◆ What you need to do
As the answer, give every line of the records that includes the word "below".

◆ Provided records
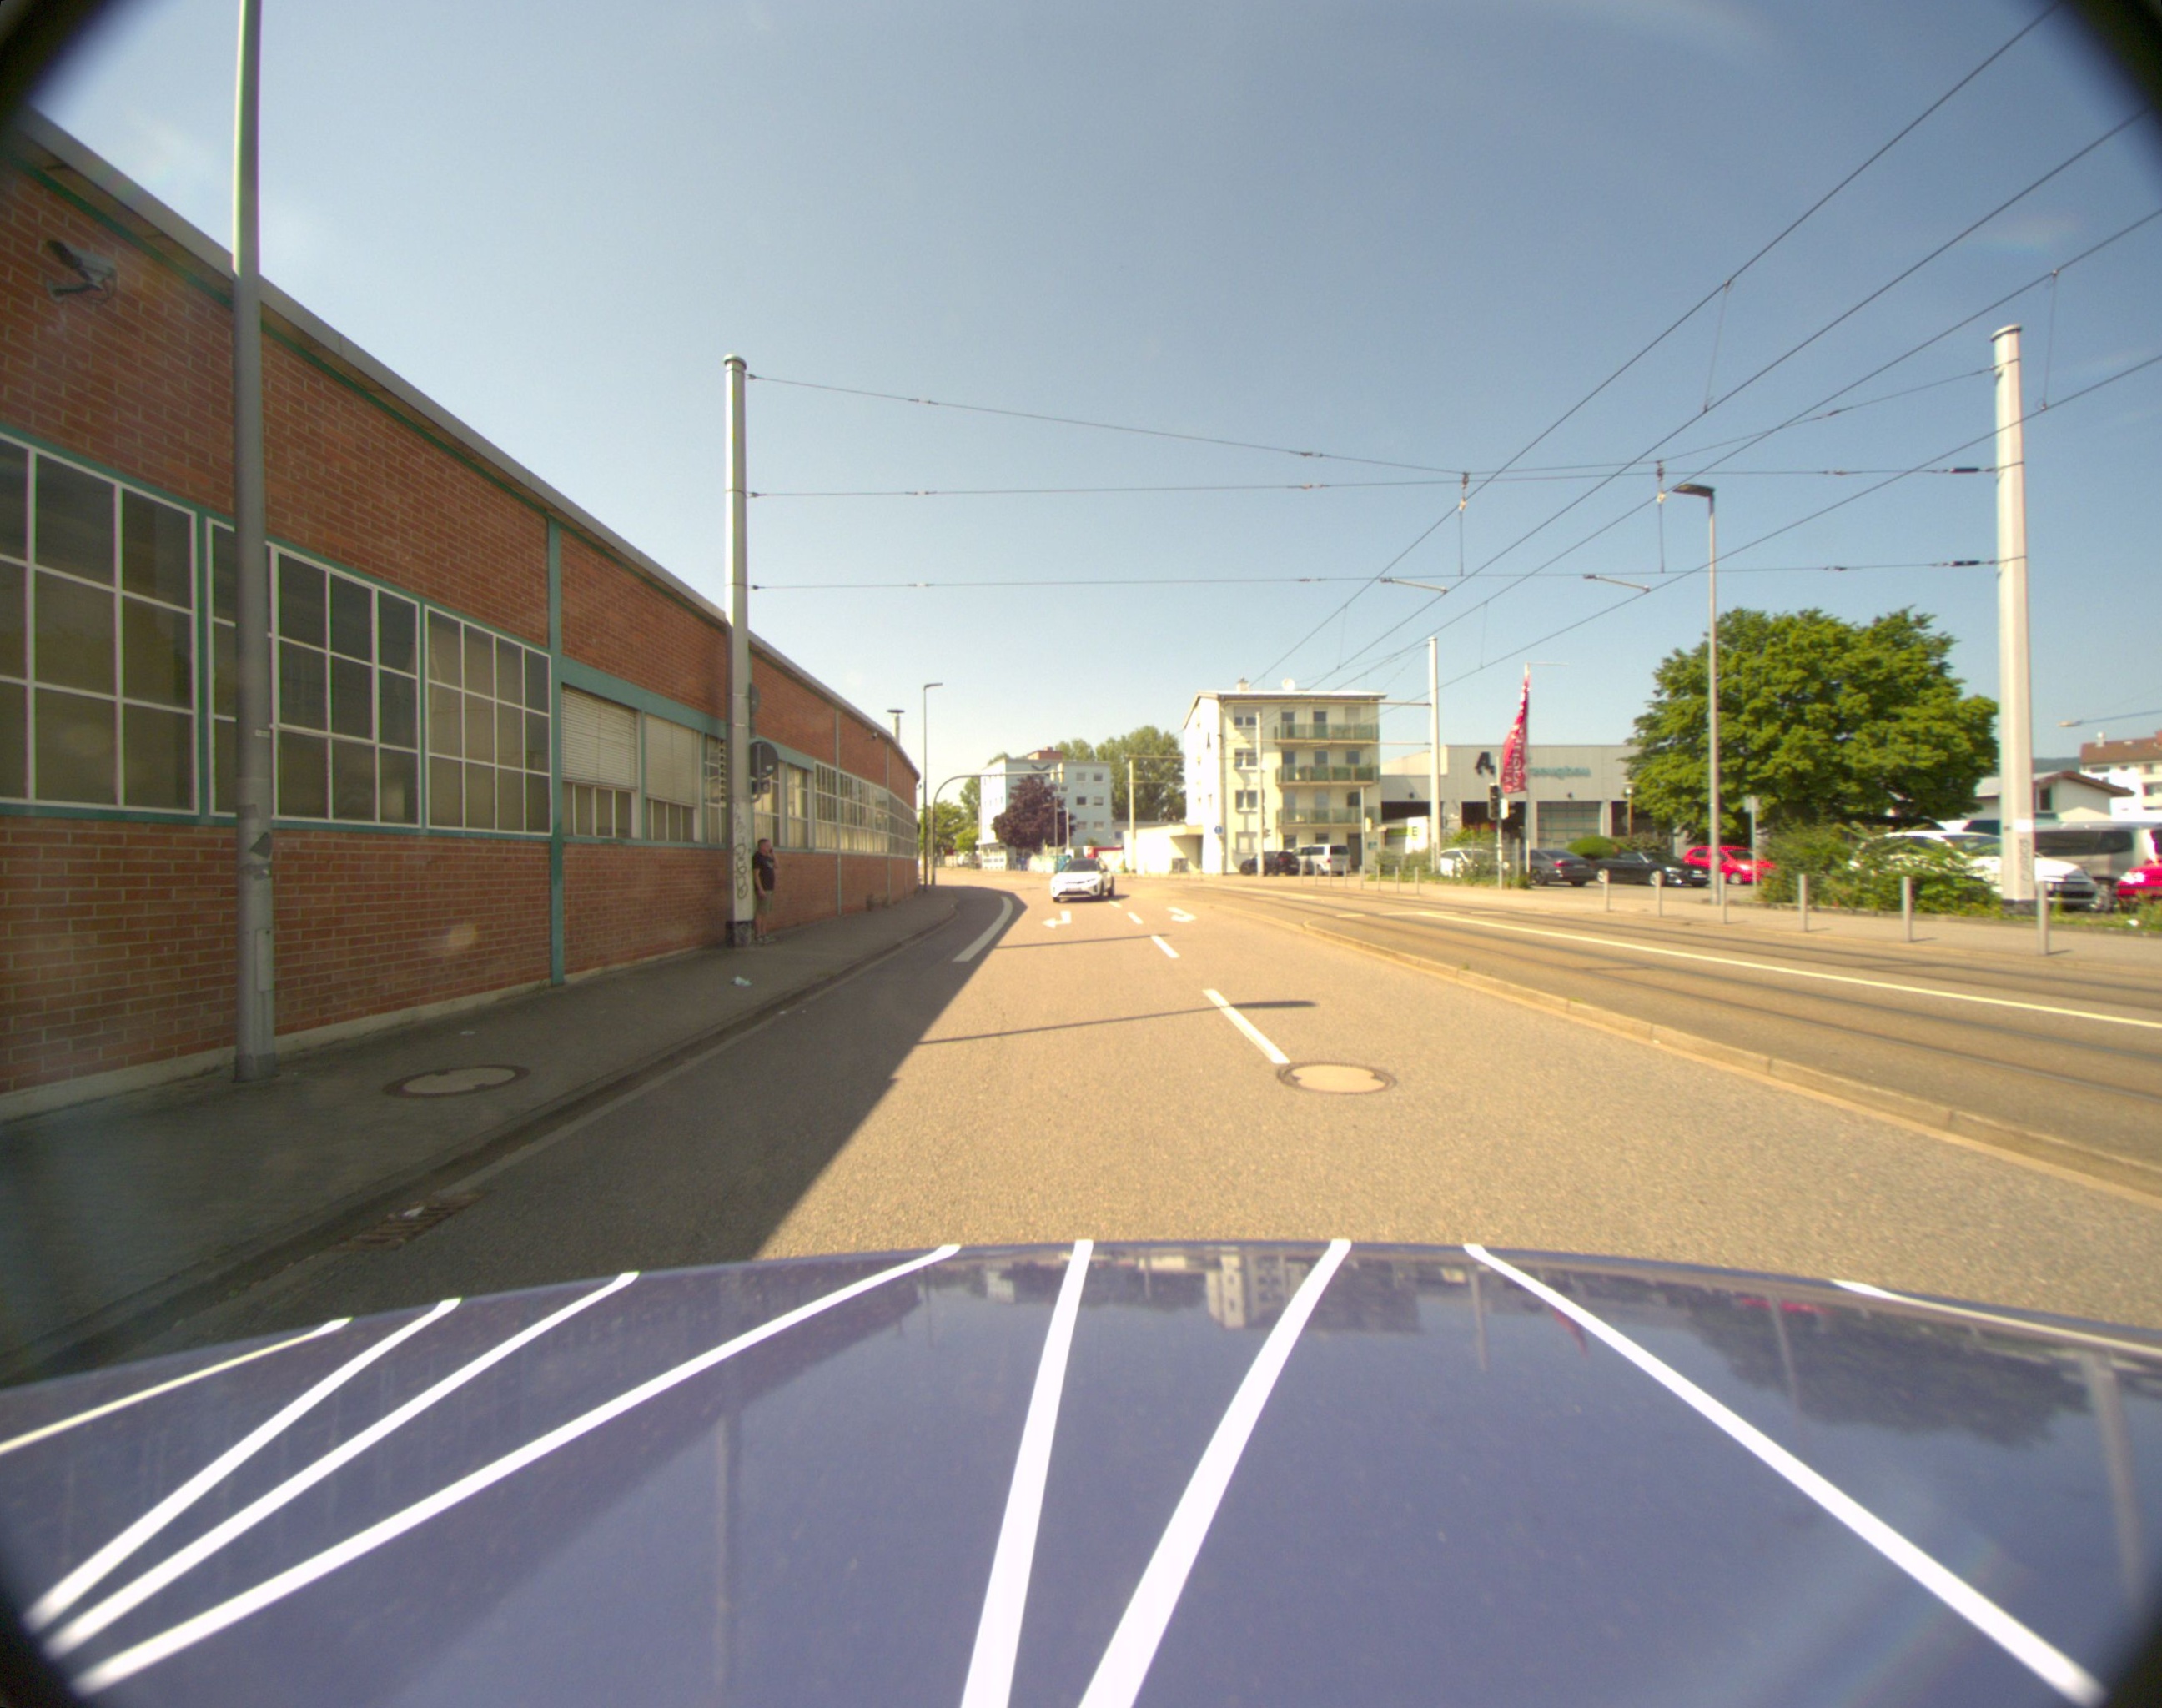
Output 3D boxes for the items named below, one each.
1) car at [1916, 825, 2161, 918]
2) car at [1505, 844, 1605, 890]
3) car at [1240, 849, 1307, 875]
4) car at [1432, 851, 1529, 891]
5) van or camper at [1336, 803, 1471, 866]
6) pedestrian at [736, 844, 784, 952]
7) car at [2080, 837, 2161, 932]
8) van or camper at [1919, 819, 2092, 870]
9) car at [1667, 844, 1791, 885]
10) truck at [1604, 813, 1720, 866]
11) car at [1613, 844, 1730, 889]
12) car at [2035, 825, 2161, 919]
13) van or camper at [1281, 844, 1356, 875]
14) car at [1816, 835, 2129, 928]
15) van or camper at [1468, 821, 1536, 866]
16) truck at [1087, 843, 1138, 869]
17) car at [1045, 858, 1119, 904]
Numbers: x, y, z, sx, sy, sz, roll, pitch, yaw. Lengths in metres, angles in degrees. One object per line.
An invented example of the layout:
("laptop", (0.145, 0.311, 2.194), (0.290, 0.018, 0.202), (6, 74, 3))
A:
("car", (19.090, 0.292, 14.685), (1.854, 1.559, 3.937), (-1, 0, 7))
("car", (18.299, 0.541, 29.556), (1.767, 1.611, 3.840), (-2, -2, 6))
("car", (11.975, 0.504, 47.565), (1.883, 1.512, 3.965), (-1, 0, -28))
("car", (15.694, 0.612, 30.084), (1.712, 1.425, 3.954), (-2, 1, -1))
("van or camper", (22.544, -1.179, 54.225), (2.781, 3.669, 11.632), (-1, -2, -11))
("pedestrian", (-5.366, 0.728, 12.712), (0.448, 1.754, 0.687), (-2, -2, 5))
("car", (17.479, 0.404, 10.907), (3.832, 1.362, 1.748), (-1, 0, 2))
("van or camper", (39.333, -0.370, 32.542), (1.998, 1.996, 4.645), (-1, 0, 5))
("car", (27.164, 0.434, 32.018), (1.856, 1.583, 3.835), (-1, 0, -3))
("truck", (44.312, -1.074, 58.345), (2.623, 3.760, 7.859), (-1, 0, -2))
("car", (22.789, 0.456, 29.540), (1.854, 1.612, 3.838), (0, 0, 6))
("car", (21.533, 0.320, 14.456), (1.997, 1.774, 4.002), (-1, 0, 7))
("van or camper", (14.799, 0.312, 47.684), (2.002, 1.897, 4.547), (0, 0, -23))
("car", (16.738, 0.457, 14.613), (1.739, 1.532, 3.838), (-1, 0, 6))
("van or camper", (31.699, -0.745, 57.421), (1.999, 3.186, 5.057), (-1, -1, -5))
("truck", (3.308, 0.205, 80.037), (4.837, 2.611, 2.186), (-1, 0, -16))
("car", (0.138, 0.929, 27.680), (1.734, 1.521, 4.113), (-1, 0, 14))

==

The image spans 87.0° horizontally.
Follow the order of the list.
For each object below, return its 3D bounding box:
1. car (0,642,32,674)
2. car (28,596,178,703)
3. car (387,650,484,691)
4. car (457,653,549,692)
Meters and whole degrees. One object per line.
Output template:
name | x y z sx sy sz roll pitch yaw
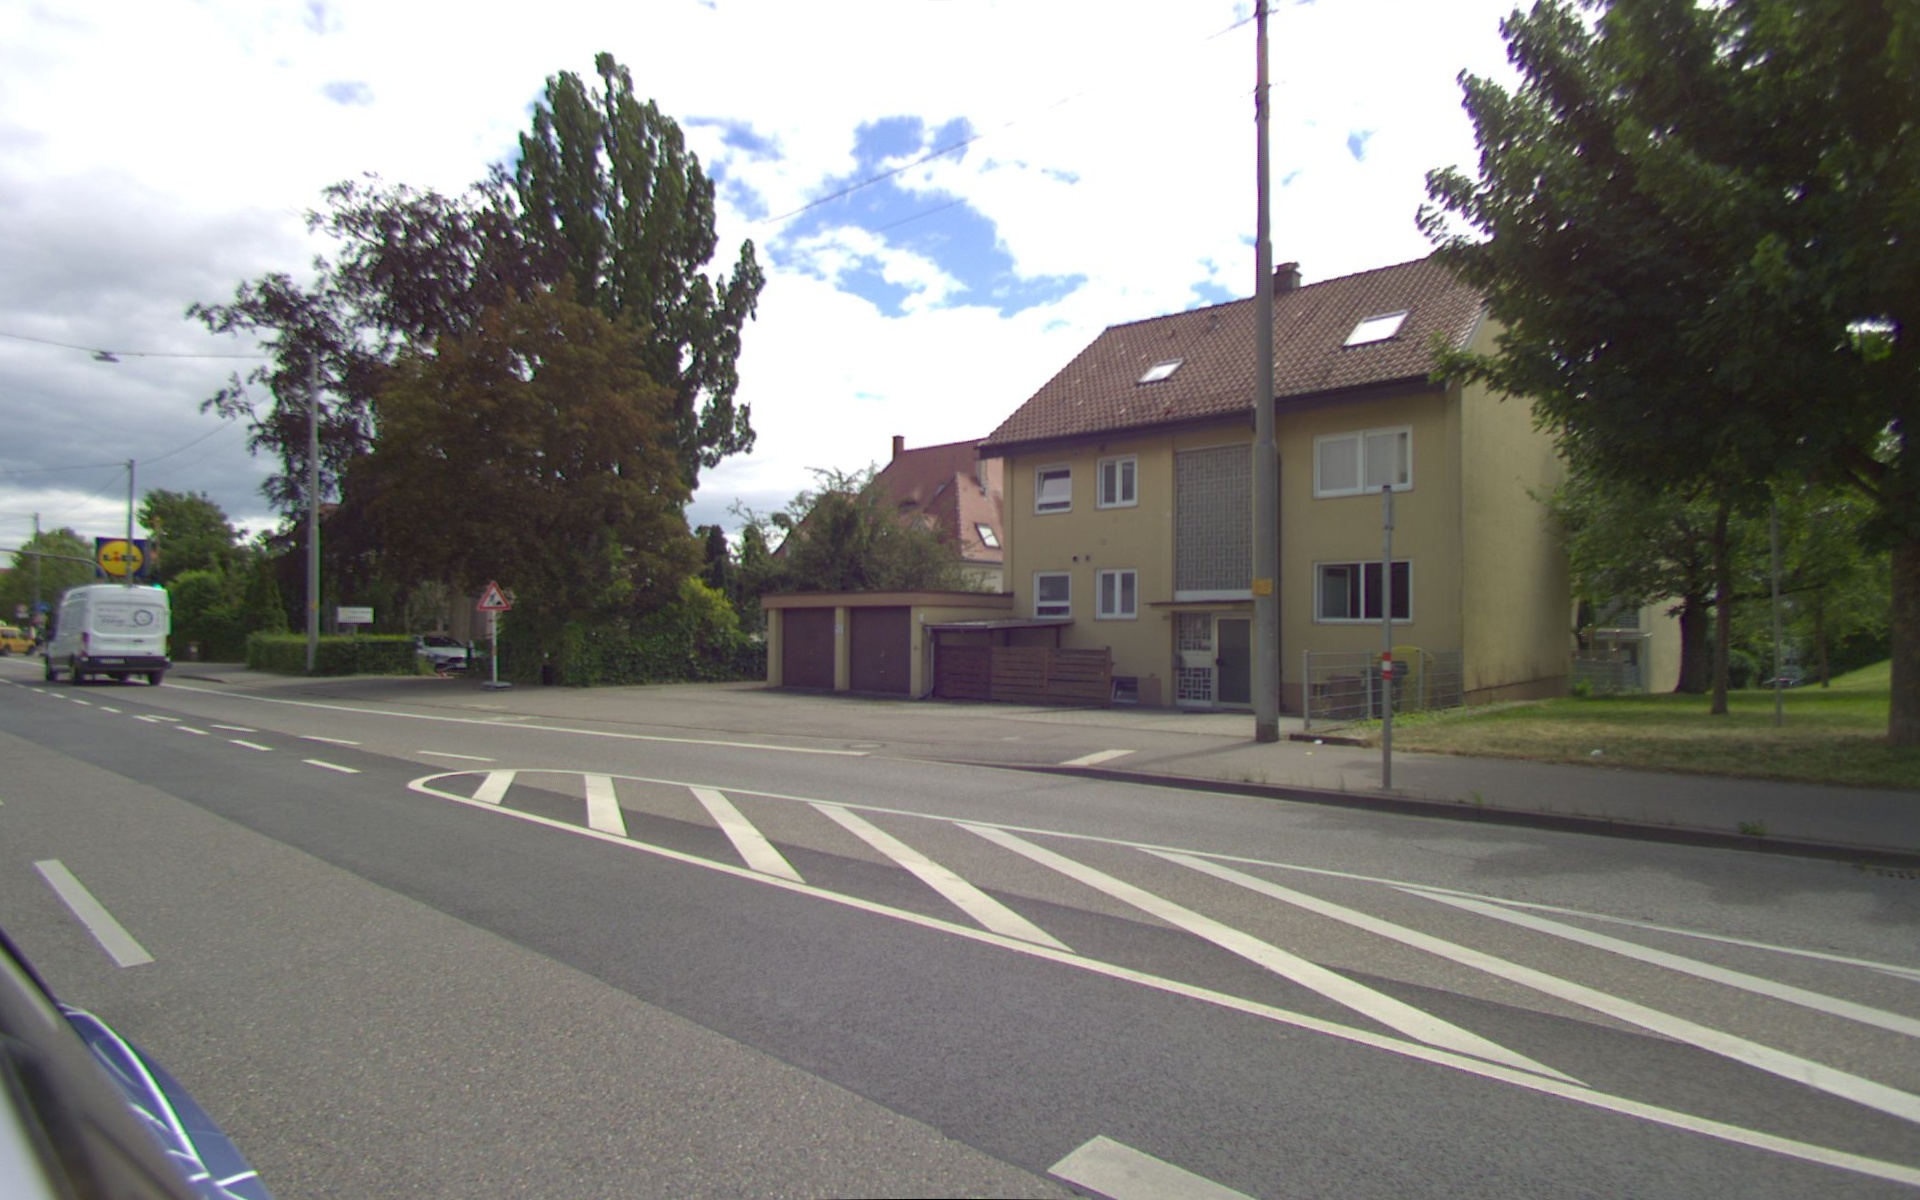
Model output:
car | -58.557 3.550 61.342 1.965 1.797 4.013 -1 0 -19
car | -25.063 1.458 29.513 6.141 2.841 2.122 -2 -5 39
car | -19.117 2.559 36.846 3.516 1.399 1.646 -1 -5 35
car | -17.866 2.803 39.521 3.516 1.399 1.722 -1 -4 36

◆ Written response
Output 3D boxes for the items named below, one each.
For each object below, return its 3D bounding box:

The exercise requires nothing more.